Apollo Tyres’s Neeraj Kanwar eyes US market again, 3 years after Cooper fiasco

Apollo Tyres MD Neeraj Kanwar puts together a small R&D team, hires business head for North America to make inroads in the world’s biggest tyre market


Neeraj Kanwar, vice-president and managing director, Apollo Tyres. Photo: Ramesh Pathania/Mint
Neeraj Kanwar, vice-president and managing director, Apollo Tyres. Photo: Ramesh Pathania/Mint

New Delhi: Neeraj Kanwar has put together a small research and development (R&D) team focused on the US and hired a business head for North America in his second attempt in three years to enter the world’s biggest tyre market.

The vice-chairman and managing director of Apollo Tyres Ltd has hired Steven Smidlein from Goodyear Tire and Rubber Co. as senior vice-president for north America. Smidlein will be responsible for building the brand and sales in north America for both Apollo and Vredestein, the Dutch tyre-maker Apollo acquired in 2009.

Apollo Tyres is also in the process of hiring two executives in R&D who will work in tandem with the firm’s R&D hub in Frankfurt to develop products for the US market, Kanwar said in an interview.

“A lot of emphasis is on building products. American vehicles are different from (those in) Europe. Our coverage of product mix is only 10% of the American car market. First challenge is to take it to 70%. That will only be done through R&D,” Kanwar said.

Apollo knows how to win in price-sensitive markets, explained Abdul Majeed, partner and auto practice leader, PricewaterhouseCoopers (PwC). Now, it will have to build products for customers who are quite willing to pay (for good products), he added.

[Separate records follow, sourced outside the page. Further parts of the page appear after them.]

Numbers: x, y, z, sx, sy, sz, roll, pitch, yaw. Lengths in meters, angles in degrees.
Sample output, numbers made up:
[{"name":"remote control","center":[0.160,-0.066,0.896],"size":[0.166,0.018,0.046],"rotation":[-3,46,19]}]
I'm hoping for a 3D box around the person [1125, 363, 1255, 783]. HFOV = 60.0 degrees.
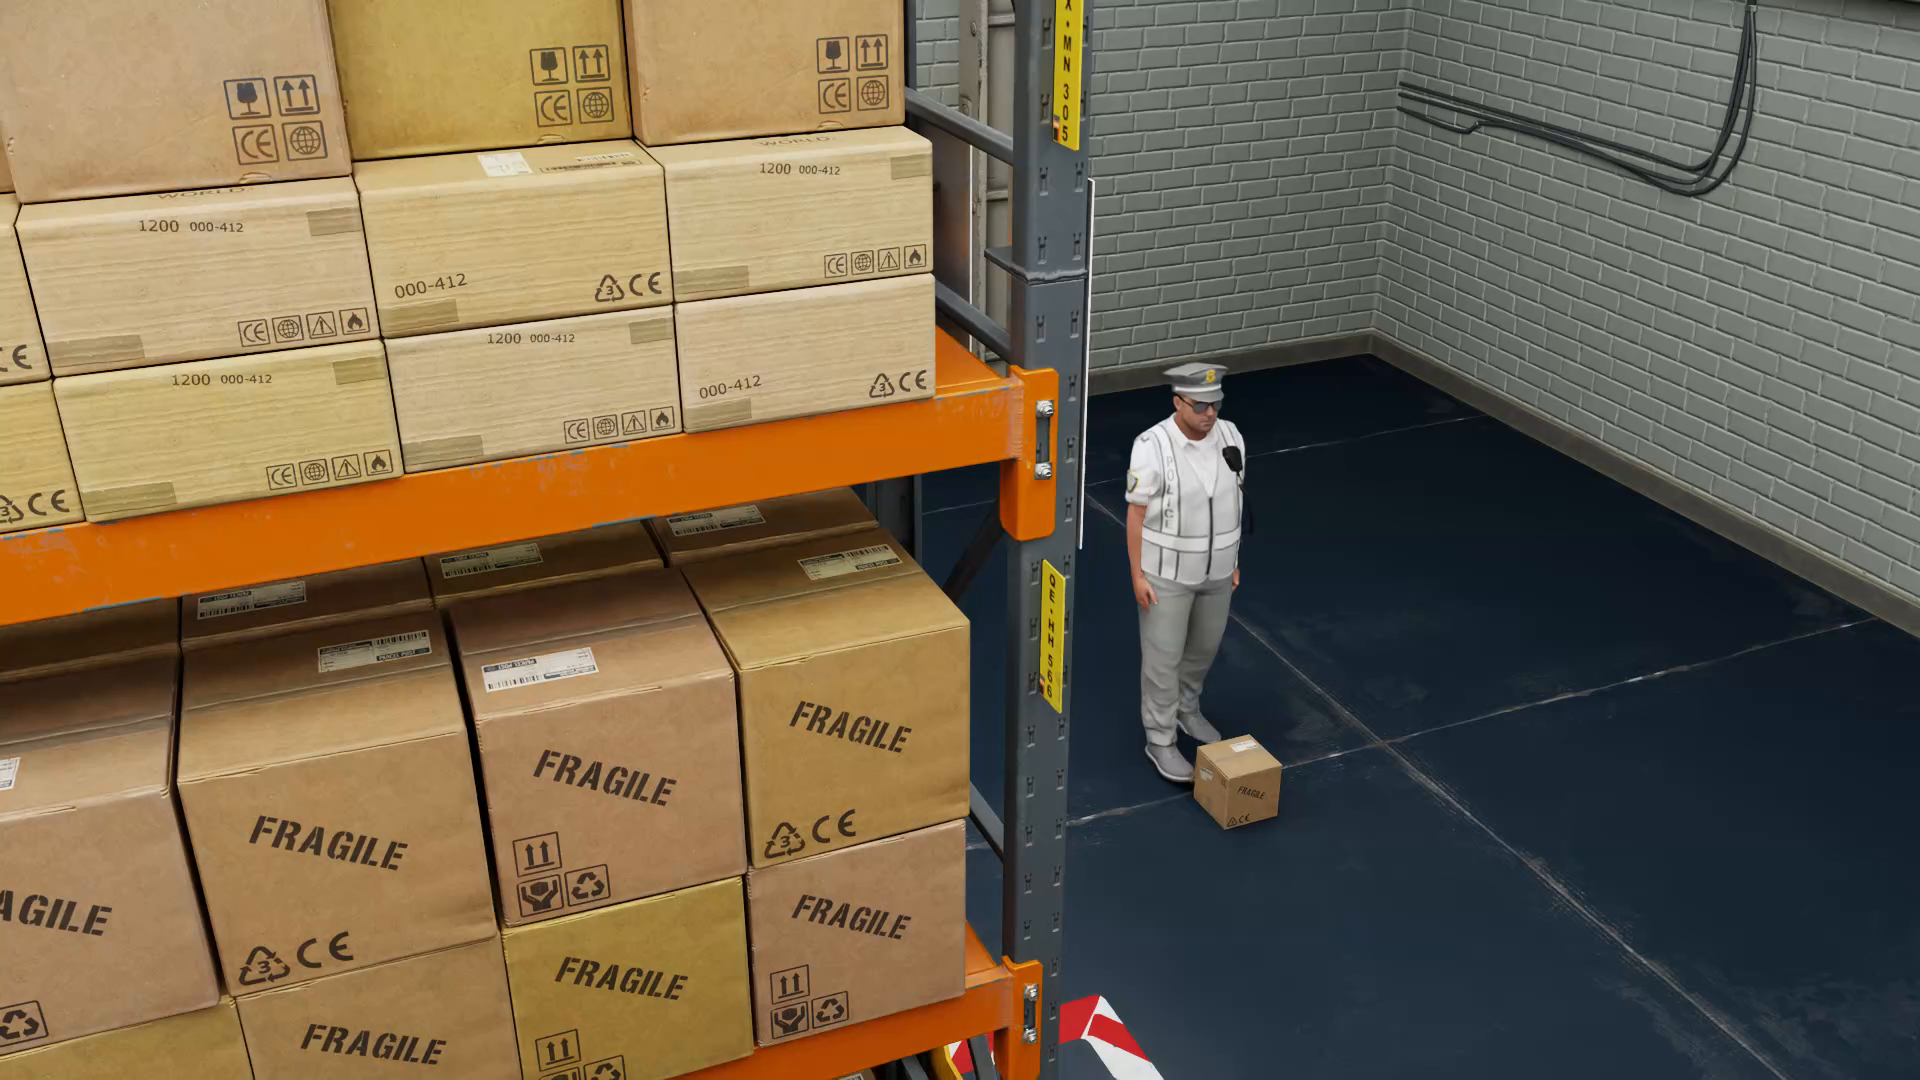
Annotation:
[{"name":"person","center":[0.950,0.128,6.853],"size":[0.539,1.797,0.566],"rotation":[-10,28,-20]}]

Apollo does export to the US—roughly 150,000 units per year, just a fraction of the $47 billion market in which 300 million tyres are sold each year.

This is Kanwar’s second stab at entering the US after being thwarted the first time. Apollo announced a deal to buy Cooper Tire & Rubber Co. for $2.5 billion (around Rs14,575 crore then) on 12 June 2013, but the acquisition fell through because of obstacles created by Cooper’s Chinese joint venture partner.

Had the deal gone through, it would have been the largest in India’s automotive industry, ahead of Tata Motors Ltd’s $2.3 billion purchase of Jaguar Land Rover in 2008. It would have made Apollo the seventh largest tyre maker in the world with control over Cooper’s 14 manufacturing plants around the world and a combined annual revenue of $6.5 billion.

Today, Apollo ranks 16th by revenue, according to Tyrepress, a trade journal. It has set itself a target of becoming a $6 billion company globally by 2020 from around $1.8 billion. The fillip from the US market will only come in the next decade, said Kanwar.

“In our tyre business, once you sustain $100 million per annum turnover in the US then you look at sourcing and manufacturing facilities as freight is very expensive,” he said. “We have just put the seeds in marketing and distribution. About 4-5 years from now, we will look at opportunities for setting up a factory and local sourcing.”

Without succeeding in the US, it will be difficult for Apollo Tyres to make a mark globally, said Majeed of PwC.

The US market will keep adding 16-17 million vehicles every year, according to him. Besides, with a vehicle population of 200 million, the US is a huge replacement market.

Had Kanwar succeeded in buying Cooper, it would have given him an easy entry into China—the world’s largest tyre market. But, for now, China seems to be off the radar of Apollo Tyres. “I like Chinese food. But I don’t like the Chinese (market),” Kanwar said.